The film’s production design by Nitin Chandrakant Desai and sound design by Ressul Phekooty are the best aspects. Writing is good, but the film instead of concentrating on the main protagonist, Harilal, time and again deviates to Gandhi. It might be a conscious decision on the writer’s part, but this works against the pace of the film.


Editing by Sreekar Prasad could have been sharper. The films’ length of 140 odd minutes is totally unwarranted, in fact if the film was trimmed say about 20 minutes or so, the film would have had a much stronger impact.


Akshaye Khanna is first rate as Harilal Gandhi. The pain and the machinations of being unable to match up to his illustrious father are so natural; probably his best performance till date.


He is amazing in a few sequences:


  • His confrontation with his mother after embracing Islam.
  • The drunken scene where he is rounded up by the police.
  • The breaking-down scene in his mohalla.
  • His final collapse after the demise of his wife, Gulab.
  • The scene after the death of Gandhi, where he merely reacts to Dhaba owner. Anguish mixed with anger. Amazing!

These sequences stay with the viewer.


Darshan Zariwala as Gandhi had an arduous task. He had to erase from audiences’ memory two Gandhi’s – Ben Kingsley and the very recent, Dilip Prabhavalkar (Lage Raho Munnabhai). The writers’ have helped him greatly in the sense that they have inculcated the fun and caring side of Gandhi and Darshan Zariwala does a fine job of it.
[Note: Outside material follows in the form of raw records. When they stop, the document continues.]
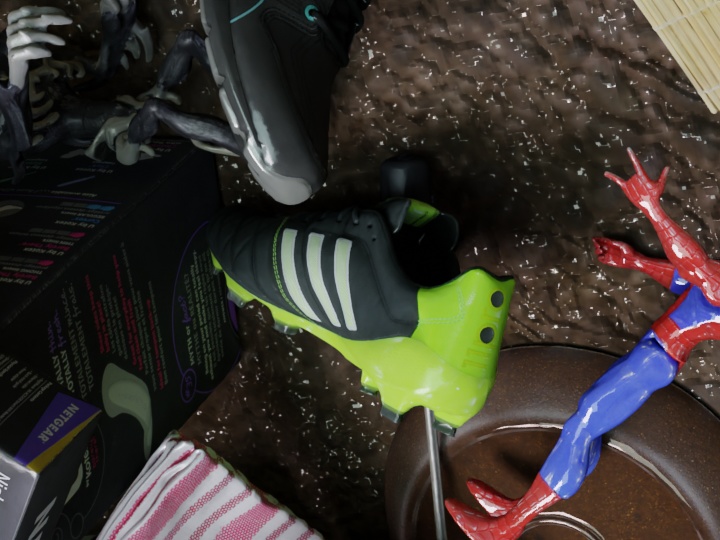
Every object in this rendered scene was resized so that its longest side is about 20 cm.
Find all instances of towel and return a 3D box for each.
[{"bbox_3d":[-0.061,0.179,0.950,0.030,0.147,0.200,18,162,46],"label":"towel"}]

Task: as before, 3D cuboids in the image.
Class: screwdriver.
[{"bbox_3d":[0.029,0.045,0.936,0.028,0.029,0.201,-8,107,-7],"label":"screwdriver"}]

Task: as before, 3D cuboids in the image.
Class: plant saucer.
[{"bbox_3d":[0.098,0.132,0.963,0.199,0.035,0.201,11,120,20],"label":"plant saucer"}]

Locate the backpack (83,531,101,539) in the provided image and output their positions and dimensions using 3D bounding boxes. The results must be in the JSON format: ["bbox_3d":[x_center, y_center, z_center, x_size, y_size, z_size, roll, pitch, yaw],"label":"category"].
[{"bbox_3d":[-0.123,0.241,1.032,0.153,0.175,0.201,-3,113,50],"label":"backpack"}]

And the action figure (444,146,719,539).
[{"bbox_3d":[0.104,0.023,0.873,0.200,0.065,0.099,-41,86,17],"label":"action figure"}]

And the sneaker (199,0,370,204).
[{"bbox_3d":[-0.024,-0.125,0.813,0.079,0.075,0.201,-9,71,6],"label":"sneaker"}]

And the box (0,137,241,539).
[{"bbox_3d":[-0.147,0.030,0.919,0.105,0.200,0.123,4,117,22],"label":"box"}]

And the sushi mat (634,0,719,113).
[{"bbox_3d":[0.133,-0.135,0.761,0.095,0.012,0.200,-17,137,28],"label":"sushi mat"}]

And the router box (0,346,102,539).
[{"bbox_3d":[-0.208,0.097,0.827,0.157,0.052,0.201,30,125,7],"label":"router box"}]

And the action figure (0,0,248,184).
[{"bbox_3d":[-0.119,-0.091,0.900,0.199,0.119,0.103,8,129,10],"label":"action figure"}]

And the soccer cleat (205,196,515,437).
[{"bbox_3d":[0.000,0.000,0.888,0.200,0.067,0.082,33,104,50],"label":"soccer cleat"}]
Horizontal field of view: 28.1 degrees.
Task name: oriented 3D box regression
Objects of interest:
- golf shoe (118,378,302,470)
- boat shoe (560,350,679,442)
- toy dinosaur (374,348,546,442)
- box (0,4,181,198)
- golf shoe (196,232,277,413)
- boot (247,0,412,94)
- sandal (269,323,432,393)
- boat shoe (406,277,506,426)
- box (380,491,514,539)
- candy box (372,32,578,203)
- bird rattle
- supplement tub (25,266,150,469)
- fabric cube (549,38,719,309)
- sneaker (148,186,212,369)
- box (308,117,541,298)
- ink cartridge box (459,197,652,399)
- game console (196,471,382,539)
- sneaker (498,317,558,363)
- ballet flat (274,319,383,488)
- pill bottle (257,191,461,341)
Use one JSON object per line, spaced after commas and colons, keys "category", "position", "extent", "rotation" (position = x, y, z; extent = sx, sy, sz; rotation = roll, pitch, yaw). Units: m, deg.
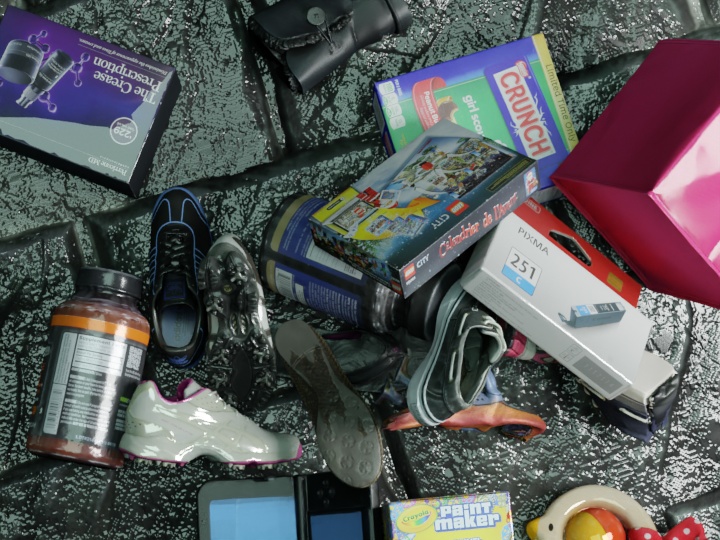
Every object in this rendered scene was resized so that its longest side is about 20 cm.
{"category": "golf shoe", "position": [-0.150, 0.161, 1.494], "extent": [0.198, 0.075, 0.093], "rotation": [8, 82, -27]}
{"category": "boat shoe", "position": [0.249, 0.108, 1.545], "extent": [0.074, 0.093, 0.199], "rotation": [-34, 50, -26]}
{"category": "toy dinosaur", "position": [0.108, 0.154, 1.496], "extent": [0.180, 0.105, 0.201], "rotation": [26, 41, -6]}
{"category": "box", "position": [-0.315, -0.184, 1.576], "extent": [0.198, 0.079, 0.143], "rotation": [20, 82, 2]}
{"category": "golf shoe", "position": [-0.126, 0.055, 1.522], "extent": [0.077, 0.095, 0.202], "rotation": [-1, 119, 0]}
{"category": "boot", "position": [-0.058, -0.316, 1.608], "extent": [0.167, 0.076, 0.201], "rotation": [-30, 88, -11]}
{"category": "sandal", "position": [-0.014, 0.092, 1.548], "extent": [0.198, 0.048, 0.076], "rotation": [0, 79, -1]}
{"category": "boat shoe", "position": [0.112, 0.077, 1.425], "extent": [0.072, 0.070, 0.201], "rotation": [55, 40, -28]}
{"category": "box", "position": [0.086, 0.324, 1.432], "extent": [0.120, 0.200, 0.195], "rotation": [-5, 80, -3]}
{"category": "candy box", "position": [0.131, -0.146, 1.583], "extent": [0.198, 0.077, 0.171], "rotation": [-17, 80, -6]}
{"category": "bird rattle", "position": [0.264, 0.295, 1.499], "extent": [0.199, 0.113, 0.164], "rotation": [-30, 65, -10]}
{"category": "supplement tub", "position": [-0.280, 0.102, 1.509], "extent": [0.106, 0.107, 0.202], "rotation": [10, 78, 0]}
{"category": "fabric cube", "position": [0.359, -0.098, 1.490], "extent": [0.200, 0.196, 0.200], "rotation": [44, 80, -24]}
{"category": "sneaker", "position": [-0.193, 0.003, 1.544], "extent": [0.069, 0.078, 0.203], "rotation": [-5, 80, -3]}
{"category": "box", "position": [0.065, -0.067, 1.445], "extent": [0.199, 0.038, 0.136], "rotation": [-38, 46, -25]}
{"category": "ink cartridge box", "position": [0.212, 0.007, 1.476], "extent": [0.199, 0.045, 0.177], "rotation": [37, 47, -10]}
{"category": "game console", "position": [-0.070, 0.309, 1.471], "extent": [0.116, 0.175, 0.203], "rotation": [4, 77, -40]}
{"category": "sneaker", "position": [0.177, 0.018, 1.534], "extent": [0.074, 0.081, 0.202], "rotation": [15, 48, -15]}
{"category": "ballet flat", "position": [-0.030, 0.138, 1.484], "extent": [0.067, 0.046, 0.201], "rotation": [-32, 62, 1]}
{"category": "pill bottle", "position": [0.000, 0.000, 1.506], "extent": [0.198, 0.112, 0.113], "rotation": [22, 79, 22]}

However, he ought to have much more impact in the scene where he accepts his two failures – Jinnah and his own son, Harilal.


Shefali Chhaya and Bhumika Chawla provide able support.


Directorially, theatre veteran, Feroz Abbas Khan makes a confident debut; but the close shots of myriad characters: Tonga wala, Victoria driver, motley crew of actors, the female aides of Gandhi ji; are plain blank.


What’s the point of using expressionless close shots?


This film will appeal only to a section of class owing to its slow pace.